Menurut Kepala Badan Intelijen DIY, Brigjen Pol Andry Wibowo, fenomena kejahatan jalanan ini lebih banyak terjadi di perkotaan. Berdasarkan riset yang sudah dilakukan, kata Andry, terjadinya kejahatan jalanan dikarenakan kontrol sosial yang berkurang terhadap kegiatan anak.
"Kontrol sosial dalam anak-anak kita juga sekarang berkurang, mereka dibiarkan jam 09.00 WIB, jam 10.00 WIB (berkeliaran) di luar," kata Andry di Kompleks Kepatihan, Yogyakarta, Kamis (7/4/2022).
Menurut Andry, perlu adanya penguatan dalam melakukan pengawasan terhadap kegiatan anak. Baik penguatan struktural atau kepolisian maupun penguatan sosial yakni dari masyarakat itu sendiri, termasuk keluarga.
"Ini harus ditangani melalui struktur sosial, patroli, pencegahannya maupun pembinaan-pembinaan yang berkaitan dengan pencegahan kenakalan remaja. Itu penguatan dan kesadaran kontrol rumah tangga terhadap putra-putranya," ujar Andry.
"Penguatan kekuatan kepolisian di malam hari melalui patroli misalnya remaja nongkrong disuruh pulang, dicatat. Itu polanya, datangi, tanyakan kepentingannya, suruh pulang dan lalu hubungi orang tuanya. Kalau dari pelaku-pelaku yang sudah melakukan (kejahatan) ya (diproses) hukum," lanjutnya.
Dari riset yang sudah dilakukan di DKI Jakarta, kata Andry, adanya penguatan tersebut efektif dalam menurunkan aksi kejahatan jalanan. Hal ini menurutnya juga dapat diterapkan di DIY.
Terlebih, di DIY sendiri juga sudah ada Jaga Warga yang diaktifkan di tiap kelurahan. Jaga Warga ini diaktifkan untuk turut melakukan pengawasan terhadap aktivitas anak, terutama di malam hari.
"Kombinasi struktural dan sosial ini menjadi efektif ketika dilakukan di Jakarta Timur dan ini bisa dijadikan model untuk melihat problem-problem yang ada di Yogya," jelas Andry.
Berbicara terpisah sebelumnya, Dinas Pemberdayaan Perempuan Perlindungan Anak dan Pengendalian Penduduk (DP3AP2) DIY menyatakan, telah melakukan pemetaan terkait klitih.

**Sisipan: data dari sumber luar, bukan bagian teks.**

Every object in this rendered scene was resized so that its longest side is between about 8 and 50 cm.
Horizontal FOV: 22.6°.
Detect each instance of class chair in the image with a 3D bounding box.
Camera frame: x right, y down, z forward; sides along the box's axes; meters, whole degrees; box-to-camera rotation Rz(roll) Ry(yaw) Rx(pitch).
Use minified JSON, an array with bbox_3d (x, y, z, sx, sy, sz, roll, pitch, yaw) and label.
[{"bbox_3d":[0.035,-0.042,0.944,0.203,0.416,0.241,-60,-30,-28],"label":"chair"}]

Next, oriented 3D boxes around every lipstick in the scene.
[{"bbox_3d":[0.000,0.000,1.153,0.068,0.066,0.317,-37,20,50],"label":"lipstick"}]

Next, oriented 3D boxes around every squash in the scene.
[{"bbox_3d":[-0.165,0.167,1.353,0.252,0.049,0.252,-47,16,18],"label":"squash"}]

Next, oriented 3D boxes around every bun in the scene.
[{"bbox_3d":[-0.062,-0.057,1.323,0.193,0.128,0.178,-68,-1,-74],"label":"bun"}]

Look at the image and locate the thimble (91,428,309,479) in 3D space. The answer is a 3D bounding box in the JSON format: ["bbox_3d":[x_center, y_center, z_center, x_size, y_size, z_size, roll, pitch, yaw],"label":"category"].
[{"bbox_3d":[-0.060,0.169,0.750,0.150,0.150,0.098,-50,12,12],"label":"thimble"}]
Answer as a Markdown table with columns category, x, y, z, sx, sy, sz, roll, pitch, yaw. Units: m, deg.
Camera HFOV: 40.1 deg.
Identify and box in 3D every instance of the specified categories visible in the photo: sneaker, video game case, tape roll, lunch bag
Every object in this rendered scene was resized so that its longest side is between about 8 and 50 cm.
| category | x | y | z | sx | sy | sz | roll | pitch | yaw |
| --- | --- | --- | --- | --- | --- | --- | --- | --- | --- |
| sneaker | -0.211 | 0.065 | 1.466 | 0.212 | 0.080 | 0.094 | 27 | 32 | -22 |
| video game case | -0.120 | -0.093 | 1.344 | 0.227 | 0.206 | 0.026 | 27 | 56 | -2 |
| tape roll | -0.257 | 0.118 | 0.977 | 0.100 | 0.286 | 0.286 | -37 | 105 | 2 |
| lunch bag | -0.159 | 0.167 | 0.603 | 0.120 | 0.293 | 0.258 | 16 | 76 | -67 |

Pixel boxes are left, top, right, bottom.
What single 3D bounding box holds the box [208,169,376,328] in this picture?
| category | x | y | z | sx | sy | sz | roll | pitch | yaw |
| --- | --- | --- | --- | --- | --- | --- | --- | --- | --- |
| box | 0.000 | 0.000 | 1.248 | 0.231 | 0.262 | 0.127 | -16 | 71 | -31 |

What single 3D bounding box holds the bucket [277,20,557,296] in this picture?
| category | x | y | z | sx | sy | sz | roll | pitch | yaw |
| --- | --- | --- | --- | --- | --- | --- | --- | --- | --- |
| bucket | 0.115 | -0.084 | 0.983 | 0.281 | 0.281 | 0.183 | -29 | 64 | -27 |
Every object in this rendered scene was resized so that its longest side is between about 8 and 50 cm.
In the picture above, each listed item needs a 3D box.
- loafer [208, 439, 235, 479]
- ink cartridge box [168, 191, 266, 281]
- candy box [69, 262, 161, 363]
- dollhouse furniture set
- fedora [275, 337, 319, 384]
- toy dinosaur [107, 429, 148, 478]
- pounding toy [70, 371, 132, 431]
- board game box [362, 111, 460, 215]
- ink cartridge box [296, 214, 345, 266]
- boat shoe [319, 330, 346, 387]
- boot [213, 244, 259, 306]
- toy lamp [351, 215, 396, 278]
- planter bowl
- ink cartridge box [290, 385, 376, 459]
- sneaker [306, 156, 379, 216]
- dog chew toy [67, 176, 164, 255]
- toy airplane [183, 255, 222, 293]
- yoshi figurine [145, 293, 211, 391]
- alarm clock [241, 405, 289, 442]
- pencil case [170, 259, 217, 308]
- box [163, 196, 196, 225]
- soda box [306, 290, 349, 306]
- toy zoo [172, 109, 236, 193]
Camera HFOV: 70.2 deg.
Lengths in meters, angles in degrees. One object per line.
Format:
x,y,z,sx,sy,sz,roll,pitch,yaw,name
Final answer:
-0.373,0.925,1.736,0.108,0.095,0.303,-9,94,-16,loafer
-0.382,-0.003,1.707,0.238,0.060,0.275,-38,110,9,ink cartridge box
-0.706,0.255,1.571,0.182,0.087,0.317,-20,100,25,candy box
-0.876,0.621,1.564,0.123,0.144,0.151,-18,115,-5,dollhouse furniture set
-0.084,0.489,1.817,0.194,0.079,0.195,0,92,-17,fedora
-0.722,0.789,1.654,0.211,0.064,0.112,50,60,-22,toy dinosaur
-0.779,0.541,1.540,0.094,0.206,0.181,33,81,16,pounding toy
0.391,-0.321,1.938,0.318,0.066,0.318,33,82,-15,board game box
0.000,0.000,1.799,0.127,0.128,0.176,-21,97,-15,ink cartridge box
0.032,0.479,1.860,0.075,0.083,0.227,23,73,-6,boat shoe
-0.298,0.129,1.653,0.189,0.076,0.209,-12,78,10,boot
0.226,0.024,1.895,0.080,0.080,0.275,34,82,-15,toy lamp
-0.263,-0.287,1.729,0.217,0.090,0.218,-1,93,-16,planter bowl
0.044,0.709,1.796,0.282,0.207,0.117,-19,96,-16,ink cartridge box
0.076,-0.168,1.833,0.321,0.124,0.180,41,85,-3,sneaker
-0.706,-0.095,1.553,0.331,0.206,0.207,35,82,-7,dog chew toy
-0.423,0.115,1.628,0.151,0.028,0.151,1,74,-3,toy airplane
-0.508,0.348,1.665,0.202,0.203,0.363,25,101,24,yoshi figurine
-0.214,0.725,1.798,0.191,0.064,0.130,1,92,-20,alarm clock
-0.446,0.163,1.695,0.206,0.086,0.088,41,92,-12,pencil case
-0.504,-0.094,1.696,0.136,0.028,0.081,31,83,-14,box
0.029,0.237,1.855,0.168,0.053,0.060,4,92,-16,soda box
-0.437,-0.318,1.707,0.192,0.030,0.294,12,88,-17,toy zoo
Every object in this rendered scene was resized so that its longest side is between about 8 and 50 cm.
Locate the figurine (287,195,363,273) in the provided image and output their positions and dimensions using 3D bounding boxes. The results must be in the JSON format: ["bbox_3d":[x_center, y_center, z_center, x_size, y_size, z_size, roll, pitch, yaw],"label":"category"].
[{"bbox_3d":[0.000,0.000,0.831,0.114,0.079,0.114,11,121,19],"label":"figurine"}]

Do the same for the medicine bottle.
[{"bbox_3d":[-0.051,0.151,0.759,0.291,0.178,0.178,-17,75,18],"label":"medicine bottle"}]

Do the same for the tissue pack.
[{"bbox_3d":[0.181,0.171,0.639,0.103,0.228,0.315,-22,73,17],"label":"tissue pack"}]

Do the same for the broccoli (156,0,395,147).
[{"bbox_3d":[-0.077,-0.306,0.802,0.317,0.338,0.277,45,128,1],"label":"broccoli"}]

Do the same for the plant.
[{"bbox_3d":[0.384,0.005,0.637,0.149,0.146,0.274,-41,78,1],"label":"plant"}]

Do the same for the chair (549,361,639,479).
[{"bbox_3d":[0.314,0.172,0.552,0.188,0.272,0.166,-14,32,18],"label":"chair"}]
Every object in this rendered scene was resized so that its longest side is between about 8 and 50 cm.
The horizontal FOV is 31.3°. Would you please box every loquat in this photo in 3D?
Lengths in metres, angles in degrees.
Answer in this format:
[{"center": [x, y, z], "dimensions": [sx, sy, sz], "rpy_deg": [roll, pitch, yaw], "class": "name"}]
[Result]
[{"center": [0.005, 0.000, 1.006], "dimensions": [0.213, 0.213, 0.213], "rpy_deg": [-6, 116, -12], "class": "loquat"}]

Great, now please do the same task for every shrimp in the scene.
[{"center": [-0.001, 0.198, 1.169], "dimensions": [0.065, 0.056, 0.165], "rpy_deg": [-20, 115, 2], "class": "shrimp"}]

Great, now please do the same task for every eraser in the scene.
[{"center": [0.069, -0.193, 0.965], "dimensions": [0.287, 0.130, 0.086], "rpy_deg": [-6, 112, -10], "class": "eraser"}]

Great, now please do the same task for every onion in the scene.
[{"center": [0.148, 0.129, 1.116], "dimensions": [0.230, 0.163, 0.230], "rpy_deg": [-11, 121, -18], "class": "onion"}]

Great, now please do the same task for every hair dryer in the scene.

Berdasarkan pemetaan tersebut, ditemukan bahwa penyebab klitih di DIY dikarenakan keluarga yang tidak harmonis.
Kepala DP3AP2 DIY, Erlina Hidayati Sumardi mengatakan, hampir semua pelaku klitih di DIY berasal dari keluarga yang tidak harmonis. Dalam keluarga tersebut, katanya, terjadi banyak konflik yang menyebabkan anak tidak nyaman berada di rumah.
"Entah itu orang tuanya bercerai, tidak diasuh oleh orang tuanya dan diasuh oleh orang lain, entah itu penuh dalam konflik walaupun ada ayah dan ibu, bahkan penuh kekerasan atau orang tuanya yang tidak memberi contoh yang baik," kata Erlina kepada Republika, Kamis (30/12/2021).
Erlina menuturkan, berawal dari ketidakharmonisan di rumah yang membuat banyak anak berprilaku negatif. Bahkan, hal ini juga berdampak pada ketidaknyamanan anak saat berada di sekolah maupun lingkungannya.
Dengan begitu, lanjutnya, anak mencari perkumpulan yang membuat mereka nyaman seperti masuk dalam geng-geng. Geng ini yang banyak berujung pada kenakalan dan kejahatan jalanan.
"Kalau nyantolnya teman-teman yang berperilaku negatif, maka mereka juga cenderung akan berperilaku negatif," ujar Erlina.